Date: October 20   Time: 20:00 - 22:00

Skeptics in the Castle is a free monthly event brought to you by the Cork Skeptics

Join Keir Liddle from the Edinburgh Skeptics for….

The Nocebo Effect

NOTE: We will be chatting to Keir through Skype

Most skeptics are familiar with the placebo effect. Where an inert substance appears to cause an improvement in a patients symptoms (or at least makes them believe things are getting better). But we may be less aware of its collary the nocebo effect.

In medicine, a nocebo reaction or response refers to harmful, unpleasant, or undesirable effects a subject manifests after receiving an inert dummy drug or placebo.

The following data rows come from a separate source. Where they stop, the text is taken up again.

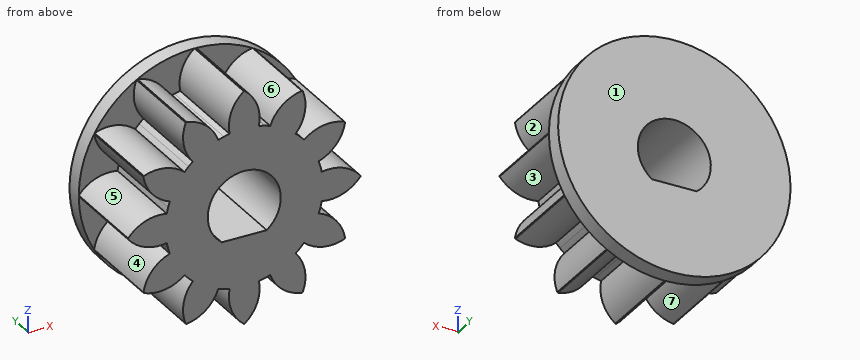
from build123d import *

# Parameters (mm, degrees)
BOSS_EXTRUDE2_DEPTH = 8
CIRPATTERN4_COUNT   = 12
CUT_EXTRUDE1_DEPTH  = 17.867127793
SKETCH8_R           = 10.5
BOSS_EXTRUDE3_DEPTH = 1.5


with BuildPart() as part:
    # Sketch6 → Boss-Extrude2 (new body)
    with BuildSketch(Plane(origin=(0, 0, 0), x_dir=(-1, 0, 0), z_dir=(0, 1, 0))):
        with BuildLine():
            Line((-1.844085696, 6.882221512), (-0.258819045, 0.965925826))
            ThreePointArc((-0.258819045, 0.965925826), (0, 1), (0.258819045, 0.965925826))
            Line((0.258819045, 0.965925826), (1.844085696, 6.882221512))
            ThreePointArc((1.844085696, 6.882221512), (1.585602155, 6.946329305), (1.324903403, 7.000732531))
            ThreePointArc((1.324903403, 7.000732531), (1.172594993, 8.928869546), (0.0444307, 10.499905995))
            ThreePointArc((0.0444307, 10.499905995), (0, 10.5), (-0.0444307, 10.499905995))
            ThreePointArc((-0.0444307, 10.499905995), (-1.172594993, 8.928869546), (-1.324903403, 7.000732531))
            ThreePointArc((-1.324903403, 7.000732531), (-1.585602155, 6.946329305), (-1.844085696, 6.882221512))
        make_face()
    boss_extrude2 = extrude(amount=BOSS_EXTRUDE2_DEPTH)

    # CirPattern4: Boss-Extrude2 ×12 about axis
    cirpattern4_axis = Axis((0, 0, 0), (0, 1, 0))
    for i in range(1, CIRPATTERN4_COUNT):
        add(boss_extrude2.rotate(cirpattern4_axis, i * 360 / CIRPATTERN4_COUNT))

    # Sketch7 → Cut-Extrude1 (cut, through all)
    with BuildSketch(Plane(origin=(0, 8, 0), x_dir=(1, 0, 0), z_dir=(0, 1, 0))):
        with BuildLine():
            Line((2.032240143, 2.6), (-2.032240143, 2.6))
            ThreePointArc((-2.032240143, 2.6), (0, -3.3), (2.032240143, 2.6))
        make_face()
    extrude(amount=-CUT_EXTRUDE1_DEPTH, mode=Mode.SUBTRACT)

    # Sketch8 → Boss-Extrude3 (add)
    with BuildSketch(Plane(origin=(0, 8, 0), x_dir=(1, 0, 0), z_dir=(0, 1, 0))):
        with Locations(Location((0, 0, 0), (0, 0, 89.757552457))):
            Circle(SKETCH8_R)
        with BuildLine():
            Line((2.032240143, 2.6), (-2.032240143, 2.6))
            ThreePointArc((-2.032240143, 2.6), (0, -3.3), (2.032240143, 2.6))
        make_face(mode=Mode.SUBTRACT)
    extrude(amount=BOSS_EXTRUDE3_DEPTH)


solid = part.part
Here's how the part is built. I have some questions about the finished solid (model axes, mm). Face numbers are marked on the shaded views. A direction names the side the tool comes from. Round coordinates to 2 decimals unless told otherwise and drop trailing zeros. Loops run counter-clockwise (first coordinate to the right, second up) from the corner with the lowest first, then second, coordinate; pieces in that order, holes last. Notation, with made-up numbers: M 15,74 L 40,74 A11 cw 40,85 Z; hole C 17.25,15 d11. An arc over 180 degrees is marked long. Write each question's results on one line, items separated by ' | '. Start each with the question number.
(1) Will these pins go through, and if not, where does the flat tip stop? P1, Ø1.9, axis at x = -3, z = 9, coming from the -Y side; P2, Ø4, axis at x = 2.5, y = 2, coming from the -Z side; P3, Ø2, axis at x = 6.5, z = -7, coming from the -Y side; P4, Ø1.5, axis at y = 8.5, z = -4.5, coming from the -X side.
(2) I want a section at C-C (x = -7.5). Please give me the cut outline in (y, z), then the cut area to 3 significant figures.
(3) I want a section at A-A (x = 3.75). Please give me the cut outline in (y, z) (3 decimals), then the cut area to 3 significant figures.
(4) I want a section at B-B (z = 8.5). Please give me the cut outline in (x, y), then the cut area to 3 significant figures.
(5) If I drill on probe 1 along X at (y, z) = (4, 0); probe 2 along Z at (x, y) = (8, 4); probe 3 along Z at (x, y) = (8.25, 1.5), over which ranges is the centre line in solid material (lowest first)? Write a range as from..to.
(6) I want a section at D-D (z = -6). Please give me the cut outline in (x, y).
(7) On a 3-axis mill with a long thin cutter (end or side, diameter ignored), from which of +Z, -Z, +X, -X, +Y, -Y can I reach the whole of each face in a straight line? I mean the marked faces 1, 2, 3 and 4. Say none if no direction works.
(8) Thinking about a two-plate mould opening in Z: for the marked faces 5, 6 and 7, which applies, pulls with the +Z half, pulls with the -Z half, needs draft (parallel to the pull), parting line crosses it, or undercut?
Solved:
1) P1: stops at y = 0 | P2: stops at z = -10.06 | P3: stops at y = 8 | P4: stops at x = -9.81
2) outline: M 0,-5.52 L 8,-5.52 L 8,-7.35 L 9.5,-7.35 L 9.5,7.35 L 8,7.35 L 8,5.52 L 0,5.52 L 0,2.73 L 8,2.73 L 8,1.39 L 0,1.39 L 0,-1.39 L 8,-1.39 L 8,-2.73 L 0,-2.73 Z | area: 89.0 mm²
3) outline: M 0,-8.545 L 8,-8.545 L 8,-9.808 L 9.5,-9.808 L 9.5,9.808 L 8,9.808 L 8,8.545 L 0,8.545 Z | area: 166 mm²
4) outline: M -6.16,8 L -5.46,8 L -5.46,0 L -3.68,0 L -3.68,8 L -1.3,8 L -1.3,0 L 1.3,0 L 1.3,8 L 3.68,8 L 3.68,0 L 5.46,0 L 5.46,8 L 6.16,8 L 6.16,9.5 L -6.16,9.5 Z | area: 67.7 mm²
5) probe 1: x = -10.5..-3.3, 3.3..10.5 | probe 2: z = -5.53..-3.11, -1.38..1.38, 3.11..5.53 | probe 3: z = -5.5..-3.37, -1.35..1.35, 3.37..5.5
6) outline: M -8.62,8 L -5.07,8 L -5.07,0 L 5.07,0 L 5.07,8 L 8.62,8 L 8.62,9.5 L -8.62,9.5 Z
7) face 1: +Z, -Z, +X, -X, +Y | face 2: +X, -Y | face 3: -Y | face 4: -X, -Y
8) face 5: undercut | face 6: pulls with the +Z half | face 7: pulls with the -Z half
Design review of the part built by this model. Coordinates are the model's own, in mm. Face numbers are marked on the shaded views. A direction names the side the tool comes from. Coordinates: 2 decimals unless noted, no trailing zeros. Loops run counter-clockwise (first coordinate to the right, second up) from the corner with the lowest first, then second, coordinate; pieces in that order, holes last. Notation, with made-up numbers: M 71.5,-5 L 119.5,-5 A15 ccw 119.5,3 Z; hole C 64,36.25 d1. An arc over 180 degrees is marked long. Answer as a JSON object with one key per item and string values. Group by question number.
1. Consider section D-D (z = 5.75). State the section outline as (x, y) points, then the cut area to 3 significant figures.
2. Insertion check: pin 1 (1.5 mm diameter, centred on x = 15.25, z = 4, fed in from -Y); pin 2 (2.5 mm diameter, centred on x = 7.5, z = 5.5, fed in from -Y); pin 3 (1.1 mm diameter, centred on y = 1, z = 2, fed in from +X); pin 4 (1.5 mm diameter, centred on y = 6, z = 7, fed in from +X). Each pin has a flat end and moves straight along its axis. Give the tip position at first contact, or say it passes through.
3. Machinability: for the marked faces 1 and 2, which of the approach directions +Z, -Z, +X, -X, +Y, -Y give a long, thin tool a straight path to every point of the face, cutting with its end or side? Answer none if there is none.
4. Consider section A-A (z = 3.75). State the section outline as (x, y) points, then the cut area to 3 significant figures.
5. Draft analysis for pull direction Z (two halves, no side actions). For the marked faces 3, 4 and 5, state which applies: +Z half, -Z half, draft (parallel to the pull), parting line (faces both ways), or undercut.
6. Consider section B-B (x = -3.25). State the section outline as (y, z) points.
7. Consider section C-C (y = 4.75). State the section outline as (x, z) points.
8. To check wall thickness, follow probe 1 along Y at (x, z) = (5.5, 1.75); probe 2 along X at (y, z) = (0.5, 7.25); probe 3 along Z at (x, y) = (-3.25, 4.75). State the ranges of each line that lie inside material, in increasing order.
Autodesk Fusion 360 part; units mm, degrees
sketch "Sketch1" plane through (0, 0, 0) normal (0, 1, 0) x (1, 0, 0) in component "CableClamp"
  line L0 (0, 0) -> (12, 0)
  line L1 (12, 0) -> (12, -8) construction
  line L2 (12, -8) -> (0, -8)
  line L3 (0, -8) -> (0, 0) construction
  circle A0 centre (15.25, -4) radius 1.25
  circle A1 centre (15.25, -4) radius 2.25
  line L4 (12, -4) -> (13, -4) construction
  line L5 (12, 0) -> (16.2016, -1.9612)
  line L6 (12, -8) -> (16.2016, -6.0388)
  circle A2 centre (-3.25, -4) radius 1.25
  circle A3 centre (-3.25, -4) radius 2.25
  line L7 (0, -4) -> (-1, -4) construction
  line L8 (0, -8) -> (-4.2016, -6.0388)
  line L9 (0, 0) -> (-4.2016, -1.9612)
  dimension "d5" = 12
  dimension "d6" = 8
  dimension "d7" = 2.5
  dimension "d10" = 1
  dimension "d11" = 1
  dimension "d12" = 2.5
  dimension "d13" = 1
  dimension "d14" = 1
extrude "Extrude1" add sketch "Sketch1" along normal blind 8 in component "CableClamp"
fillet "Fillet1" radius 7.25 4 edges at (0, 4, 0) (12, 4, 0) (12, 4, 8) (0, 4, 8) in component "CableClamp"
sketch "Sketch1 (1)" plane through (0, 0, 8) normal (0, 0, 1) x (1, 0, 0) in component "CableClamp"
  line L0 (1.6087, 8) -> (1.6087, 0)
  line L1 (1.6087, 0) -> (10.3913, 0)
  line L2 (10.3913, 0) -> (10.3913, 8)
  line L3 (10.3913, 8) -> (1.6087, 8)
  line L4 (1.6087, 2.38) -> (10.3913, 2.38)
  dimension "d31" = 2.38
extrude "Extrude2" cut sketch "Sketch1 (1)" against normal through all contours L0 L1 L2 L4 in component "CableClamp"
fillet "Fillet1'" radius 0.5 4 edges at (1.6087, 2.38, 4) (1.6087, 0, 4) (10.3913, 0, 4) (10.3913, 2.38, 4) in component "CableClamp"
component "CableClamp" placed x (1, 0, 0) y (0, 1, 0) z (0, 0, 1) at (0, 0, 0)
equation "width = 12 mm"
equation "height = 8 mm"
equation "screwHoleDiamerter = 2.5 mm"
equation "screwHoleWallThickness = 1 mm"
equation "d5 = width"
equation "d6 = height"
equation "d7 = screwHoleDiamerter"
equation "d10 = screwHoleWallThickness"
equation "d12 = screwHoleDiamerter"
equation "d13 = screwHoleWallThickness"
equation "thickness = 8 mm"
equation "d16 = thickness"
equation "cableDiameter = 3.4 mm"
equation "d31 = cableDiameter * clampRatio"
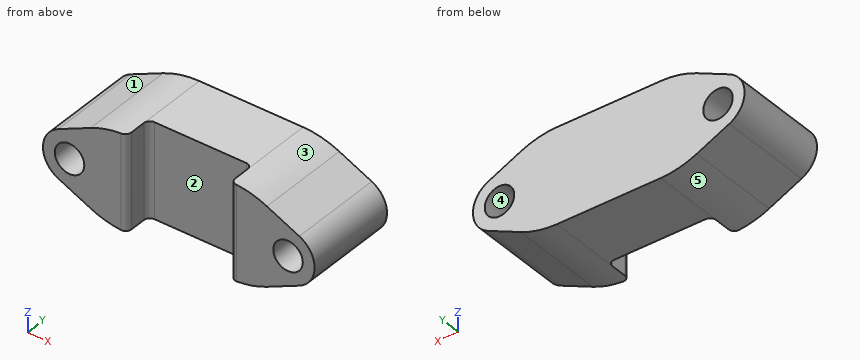
Findings below:
{
 "1": {"outline": "M -4.66,0 L 1.11,0 A0.5 ccw 1.61,0.5 L 1.61,1.88 A0.5 cw 2.11,2.38 L 9.89,2.38 A0.5 cw 10.39,1.88 L 10.39,0.5 A0.5 ccw 10.89,0 L 16.66,0 L 16.66,8 L -4.66,8 Z", "area": "150 mm^2"},
 "2": {"pin 1": "passes through", "pin 2": "stops at y = 2.38", "pin 3": "stops at x = 16.97", "pin 4": "stops at x = 15.75"},
 "3": {"face 1": "+Z, -X, +Y, -Y", "face 2": "+Z, -Z, -Y"},
 "4": {"outline": "M -5.49,0 L -4.47,0 L -4.47,8 L -5.49,8 Z; M -2.03,0 L 1.11,0 A0.5 ccw 1.61,0.5 L 1.61,1.88 A0.5 cw 2.11,2.38 L 9.89,2.38 A0.5 cw 10.39,1.88 L 10.39,0.5 A0.5 ccw 10.89,0 L 14.03,0 L 14.03,8 L -2.03,8 Z; M 16.47,0 L 17.49,0 L 17.49,8 L 16.47,8 Z", "area": "124 mm^2"},
 "5": {"face 3": "+Z half", "face 4": "undercut", "face 5": "-Z half"},
 "6": {"outline": "M 0,1.52 L 8,1.52 L 8,2.75 L 0,2.75 Z; M 0,5.25 L 8,5.25 L 8,6.48 L 0,6.48 Z"},
 "7": {"outline": "M -4.2,1.96 L -1.46,0.68 A7.25 ccw 1.61,0 L 10.39,0 A7.25 ccw 13.46,0.68 L 16.2,1.96 A2.25 ccw 16.2,6.04 L 13.46,7.32 A7.25 ccw 10.39,8 L 1.61,8 A7.25 ccw -1.46,7.32 L -4.2,6.04 A2.25 ccw Z; hole C -3.25,4 d2.5; hole C 15.25,4 d2.5"},
 "8": {"probe 1": "y = 2.38 to 8", "probe 2": "x = -1.61 to 1.61, 10.39 to 13.61", "probe 3": "z = 1.52 to 2.75, 5.25 to 6.48"}
}

Nocebo responses are not chemically generated and are due only to the subject’s pessimistic belief and expectation that the inert drug will produce negative consequences. In these cases, there is no “real” drug involved, but the actual negative consequences of the administration of the inert drug, which may be physiological, behavioural, emotional, and/or cognitive, are nonetheless real.

In this talk placebo and nocebo are explained and pitted against each other. Are they both real? How can we study nocebo effects? and what implications do nocebos have for modern clinical practice?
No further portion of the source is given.